A Canadian Mennonite's sodden sermonizing on movies, music, miscellaneous.
Monday, June 25, 2018
Guitars I dig: Malcolm Young's “The Beast”
Malcolm Young's signature guitar was a 1963 red Gretsch Jet Firebird, given him by his older brother George.
When AC/DC started out Malcolm and his younger brother Angus traded solos — Angus claims Mal was always the better guitarist — but at some point Mal insisted the kid brother take lead and show-boating duties, while he, the elder, stood back and kept the train on the tracks with his dependable steam-engine rhythm stylings.

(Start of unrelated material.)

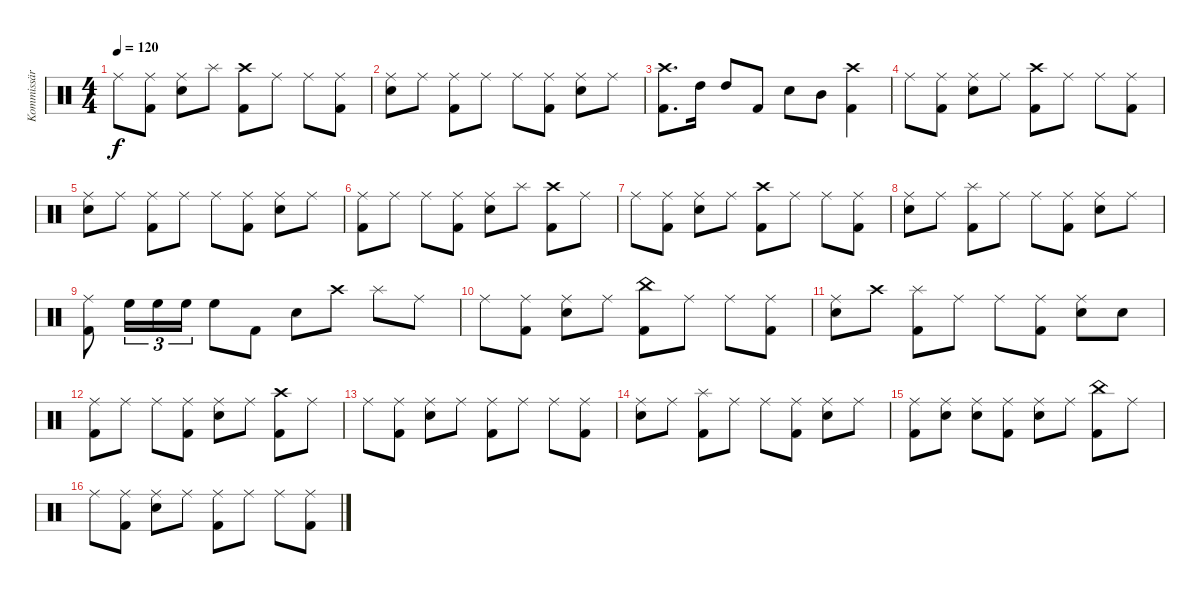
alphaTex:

During shows Malcolm would switch from one Gretsch to the next, but inevitably “The Beast” came out. He made it his own by removing the trem-bar (“hard-tailing” it), the middle and neck pick-ups as well as the fire-engine red paint. It is as purely a rhythm guitar as can be.
Could be the knobs are there to keep it held together.

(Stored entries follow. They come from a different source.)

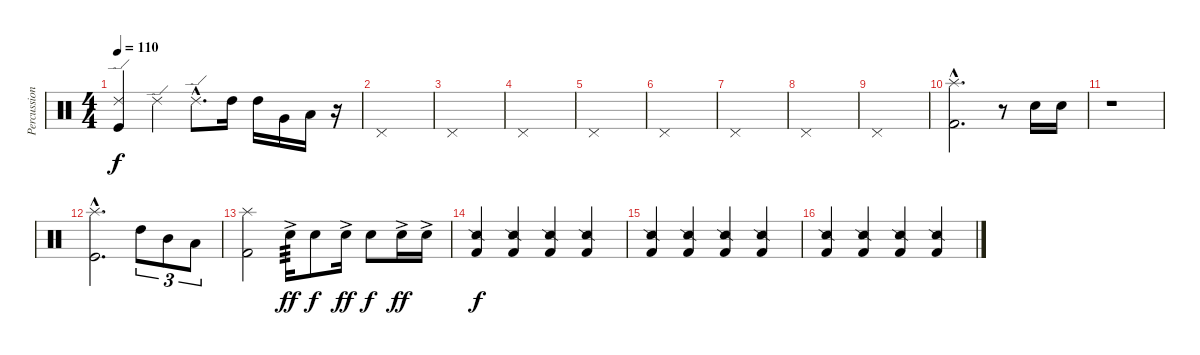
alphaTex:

\track ("Percussion" "Percussion") {instrument percussion}
\staff {score}
\articulation defaults
\ts (4 4)
\tempo 110
\clef neutral
\ks c
("Kick (hit)" "Ride (edge) 2").4{dy f} "Ride (edge) 2".4 "Ride (edge) 2"{hac}.8{d} "High Tom (hit)".16 "High Tom (hit)".16 "Very Low Tom (hit)".16 "Low Floor Tom (hit)".16 r.16 |
"Pedal Hi-Hat (hit)".1 |
"Pedal Hi-Hat (hit)".1 |
"Pedal Hi-Hat (hit)".1 |
"Pedal Hi-Hat (hit)".1 |
"Pedal Hi-Hat (hit)".1 |
"Pedal Hi-Hat (hit)".1 |
"Pedal Hi-Hat (hit)".1 |
"Pedal Hi-Hat (hit)".1 |
("Splash (hit)"{hac} "Kick (hit) 2"{hac}).2{d} r.8 "Electric Snare (hit)".16 "Electric Snare (hit)".16 |
r.1 |
("Splash (hit)"{hac} "Kick (hit)"{hac}).2{d} "High Tom (hit)".8{tu (3 2)} "Mid Tom (hit)".8{tu (3 2)} "Low Floor Tom (hit)".8{tu (3 2)} |
("Splash (hit)" "Kick (hit) 2").2 "Electric Snare (hit)"{ac}.16{tp 3 dy ff} "Electric Snare (hit)".8{dy f} "Electric Snare (hit)"{ac}.16{dy ff} "Electric Snare (hit)".8{dy f} "Electric Snare (hit)"{ac}.16{dy ff} "Electric Snare (hit)"{ac}.16 |
("Snare (side stick) 2" "Kick (hit) 2").4{dy f} ("Snare (side stick) 2" "Kick (hit) 2").4 ("Snare (side stick) 2" "Kick (hit) 2").4 ("Snare (side stick) 2" "Kick (hit) 2").4 |
("Snare (side stick) 2" "Kick (hit) 2").4 ("Snare (side stick) 2" "Kick (hit) 2").4 ("Snare (side stick) 2" "Kick (hit) 2").4 ("Snare (side stick) 2" "Kick (hit) 2").4 |
("Snare (side stick) 2" "Kick (hit) 2").4 ("Snare (side stick) 2" "Kick (hit) 2").4 ("Snare (side stick) 2" "Kick (hit) 2").4 ("Snare (side stick) 2" "Kick (hit) 2").4

People with too much money can buy themselves a 2017 replica of “The Beast” for anywhere from $10,000 to $21,000. Players can find non-stressed varieties of the Malcolm Young Jet for anywhere from one- to three-grand. Owners are rapturous, for the reason you might expect — the guitar delivers that famous crunch tone, best when paired with an older Marshall amp cranked to 11.

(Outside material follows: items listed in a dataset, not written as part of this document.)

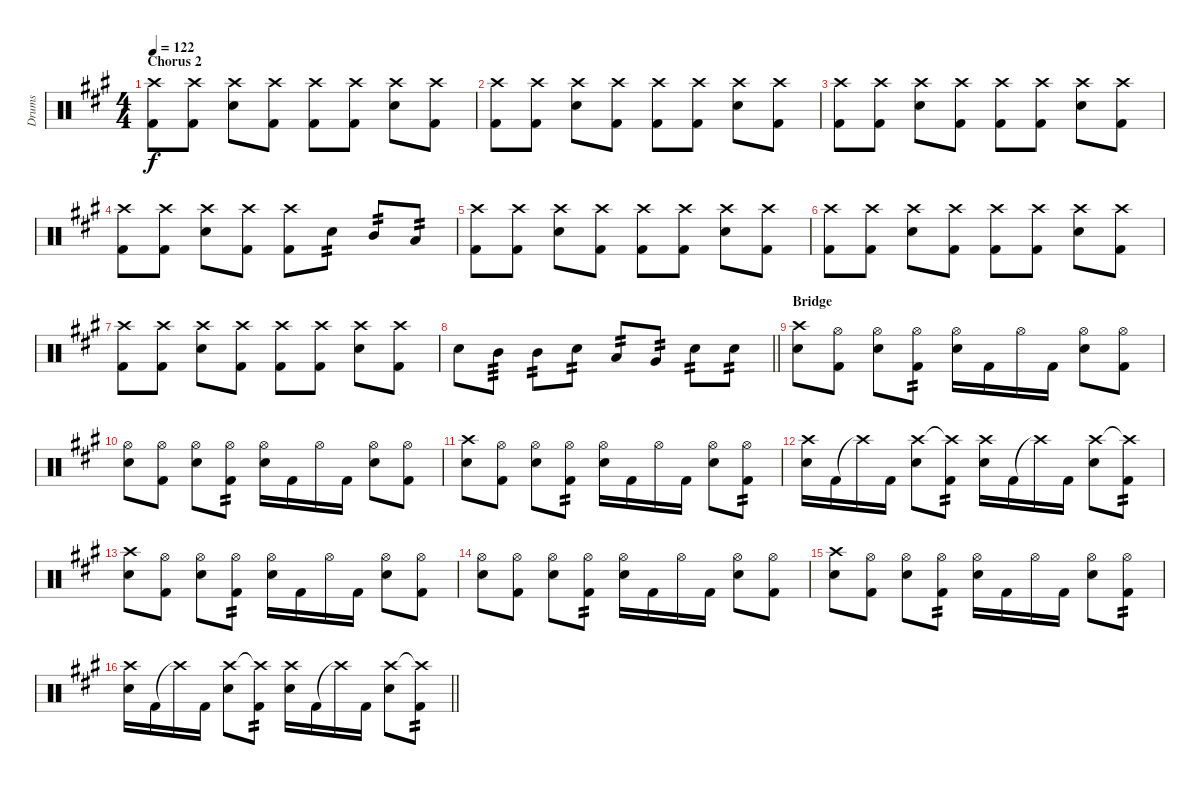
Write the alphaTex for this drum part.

\track ("Drums" "Drums") {instrument percussion}
\staff {score}
\articulation defaults
\ts (4 4)
\section ("" "Chorus 2")
\tempo 122
\clef neutral
\ks f#minor
("Crash high (hit)" "Kick (hit) 2").8{dy f} ("Crash high (hit)" "Kick (hit) 2").8 ("Crash high (hit)" "Snare (hit) 2").8 ("Crash high (hit)" "Kick (hit) 2").8 ("Crash high (hit)" "Kick (hit) 2").8 ("Crash high (hit)" "Kick (hit) 2").8 ("Crash high (hit)" "Snare (hit) 2").8 ("Crash high (hit)" "Kick (hit) 2").8 |
("Crash high (hit)" "Kick (hit) 2").8 ("Crash high (hit)" "Kick (hit) 2").8 ("Crash high (hit)" "Snare (hit) 2").8 ("Crash high (hit)" "Kick (hit) 2").8 ("Crash high (hit)" "Kick (hit) 2").8 ("Crash high (hit)" "Kick (hit) 2").8 ("Crash high (hit)" "Snare (hit) 2").8 ("Crash high (hit)" "Kick (hit) 2").8 |
("Crash high (hit)" "Kick (hit) 2").8 ("Crash high (hit)" "Kick (hit) 2").8 ("Crash high (hit)" "Snare (hit) 2").8 ("Crash high (hit)" "Kick (hit) 2").8 ("Crash high (hit)" "Kick (hit) 2").8 ("Crash high (hit)" "Kick (hit) 2").8 ("Crash high (hit)" "Snare (hit) 2").8 ("Crash high (hit)" "Kick (hit) 2").8 |
("Crash high (hit)" "Kick (hit) 2").8 ("Crash high (hit)" "Kick (hit) 2").8 ("Crash high (hit)" "Snare (hit) 2").8 ("Crash high (hit)" "Kick (hit) 2").8 ("Crash high (hit)" "Kick (hit) 2").8 "Snare (hit) 2".8{tp 2} "Mid Tom (hit)".8{tp 2} "Low Tom (hit)".8{tp 2} |
("Crash high (hit)" "Kick (hit) 2").8 ("Crash high (hit)" "Kick (hit) 2").8 ("Crash high (hit)" "Snare (hit) 2").8 ("Crash high (hit)" "Kick (hit) 2").8 ("Crash high (hit)" "Kick (hit) 2").8 ("Crash high (hit)" "Kick (hit) 2").8 ("Crash high (hit)" "Snare (hit) 2").8 ("Crash high (hit)" "Kick (hit) 2").8 |
("Crash high (hit)" "Kick (hit) 2").8 ("Crash high (hit)" "Kick (hit) 2").8 ("Crash high (hit)" "Snare (hit) 2").8 ("Crash high (hit)" "Kick (hit) 2").8 ("Crash high (hit)" "Kick (hit) 2").8 ("Crash high (hit)" "Kick (hit) 2").8 ("Crash high (hit)" "Snare (hit) 2").8 ("Crash high (hit)" "Kick (hit) 2").8 |
("Crash high (hit)" "Kick (hit) 2").8 ("Crash high (hit)" "Kick (hit) 2").8 ("Crash high (hit)" "Snare (hit) 2").8 ("Crash high (hit)" "Kick (hit) 2").8 ("Crash high (hit)" "Kick (hit) 2").8 ("Crash high (hit)" "Kick (hit) 2").8 ("Crash high (hit)" "Snare (hit) 2").8 ("Crash high (hit)" "Kick (hit) 2").8 |
\barLineRight lightlight "Snare (hit) 2".8 "Mid Tom (hit)".8{tp 3} "Mid Tom (hit)".8{tp 2} "Snare (hit) 2".8{tp 2} "Low Tom (hit)".8{tp 2} "Very Low Tom (hit)".8{tp 2} "Snare (hit) 2".8{tp 2} "Snare (hit) 2".8{tp 2}
|
\section ("" "Bridge")
("Crash high (hit)" "Snare (hit) 2").8 ("Hi-Hat (open)" "Kick (hit) 2").8 ("Hi-Hat (open)" "Snare (hit) 2").8 ("Hi-Hat (open)" "Kick (hit) 2").8{tp 2} ("Hi-Hat (open)" "Snare (hit) 2").16 "Kick (hit) 2".16 "Hi-Hat (open)".16 "Kick (hit) 2".16 ("Hi-Hat (open)" "Snare (hit) 2").8 ("Hi-Hat (open)" "Kick (hit) 2").8 |
("Hi-Hat (open)" "Snare (hit) 2").8 ("Hi-Hat (open)" "Kick (hit) 2").8 ("Hi-Hat (open)" "Snare (hit) 2").8 ("Hi-Hat (open)" "Kick (hit) 2").8{tp 2} ("Hi-Hat (open)" "Snare (hit) 2").16 "Kick (hit) 2".16 "Hi-Hat (open)".16 "Kick (hit) 2".16 ("Hi-Hat (open)" "Snare (hit) 2").8 ("Hi-Hat (open)" "Kick (hit) 2").8 |
("Crash high (hit)" "Snare (hit) 2").8 ("Hi-Hat (open)" "Kick (hit) 2").8 ("Hi-Hat (open)" "Snare (hit) 2").8 ("Hi-Hat (open)" "Kick (hit) 2").8{tp 2} ("Hi-Hat (open)" "Snare (hit) 2").16 "Kick (hit) 2".16 "Hi-Hat (open)".16 "Kick (hit) 2".16 ("Hi-Hat (open)" "Snare (hit) 2").8 ("Hi-Hat (open)" "Kick (hit) 2").8{tp 2} |
("Crash high (hit)" "Snare (hit) 2").16 "Kick (hit) 2".16 "Crash high (hit)"{t}.16 "Kick (hit) 2".16 ("Crash high (hit)" "Snare (hit) 2").8 ("Crash high (hit)"{t} "Kick (hit) 2").8{tp 2} ("Crash high (hit)" "Snare (hit) 2").16 "Kick (hit) 2".16 "Crash high (hit)"{t}.16 "Kick (hit) 2".16 ("Crash high (hit)" "Snare (hit) 2").8 ("Crash high (hit)"{t} "Kick (hit) 2").8{tp 2} |
("Crash high (hit)" "Snare (hit) 2").8 ("Hi-Hat (open)" "Kick (hit) 2").8 ("Hi-Hat (open)" "Snare (hit) 2").8 ("Hi-Hat (open)" "Kick (hit) 2").8{tp 2} ("Hi-Hat (open)" "Snare (hit) 2").16 "Kick (hit) 2".16 "Hi-Hat (open)".16 "Kick (hit) 2".16 ("Hi-Hat (open)" "Snare (hit) 2").8 ("Hi-Hat (open)" "Kick (hit) 2").8 |
("Hi-Hat (open)" "Snare (hit) 2").8 ("Hi-Hat (open)" "Kick (hit) 2").8 ("Hi-Hat (open)" "Snare (hit) 2").8 ("Hi-Hat (open)" "Kick (hit) 2").8{tp 2} ("Hi-Hat (open)" "Snare (hit) 2").16 "Kick (hit) 2".16 "Hi-Hat (open)".16 "Kick (hit) 2".16 ("Hi-Hat (open)" "Snare (hit) 2").8 ("Hi-Hat (open)" "Kick (hit) 2").8 |
("Crash high (hit)" "Snare (hit) 2").8 ("Hi-Hat (open)" "Kick (hit) 2").8 ("Hi-Hat (open)" "Snare (hit) 2").8 ("Hi-Hat (open)" "Kick (hit) 2").8{tp 2} ("Hi-Hat (open)" "Snare (hit) 2").16 "Kick (hit) 2".16 "Hi-Hat (open)".16 "Kick (hit) 2".16 ("Hi-Hat (open)" "Snare (hit) 2").8 ("Hi-Hat (open)" "Kick (hit) 2").8{tp 2} |
\barLineRight lightlight
("Crash high (hit)" "Snare (hit) 2").16 "Kick (hit) 2".16 "Crash high (hit)"{t}.16 "Kick (hit) 2".16 ("Crash high (hit)" "Snare (hit) 2").8 ("Crash high (hit)"{t} "Kick (hit) 2").8{tp 2} ("Crash high (hit)" "Snare (hit) 2").16 "Kick (hit) 2".16 "Crash high (hit)"{t}.16 "Kick (hit) 2".16 ("Crash high (hit)" "Snare (hit) 2").8 ("Crash high (hit)"{t} "Kick (hit) 2").8{tp 2}

"You're gonna charge WHAT??"
I see one version of the MY Jet has two pick-ups, so a player could reasonably expect the guitar to handle other duties besides stripped-down 12-bar blues-driven rock. However, I can't imagine anyone buying it for any other purpose than to chop out the AC/DC songbook — either in some crowded pub, or (more likely) their own bedroom.
Or church parking lot, depending...
That's more money than I could ever justify spending on an instrument of such limited expression. But I will admit that despite (or, let's be honest, quite likely because of) my complicated history with AC/DC I do have a special fondness for Malcolm's rhythm guitar. After a Saturday afternoon spent tackling some particularly tricky blues riff, nothing clears out the frustration like 10 minutes of chunking through “Jail Break” and “It's A Long Way To The Top (If You Wanna Rock 'n' Roll).”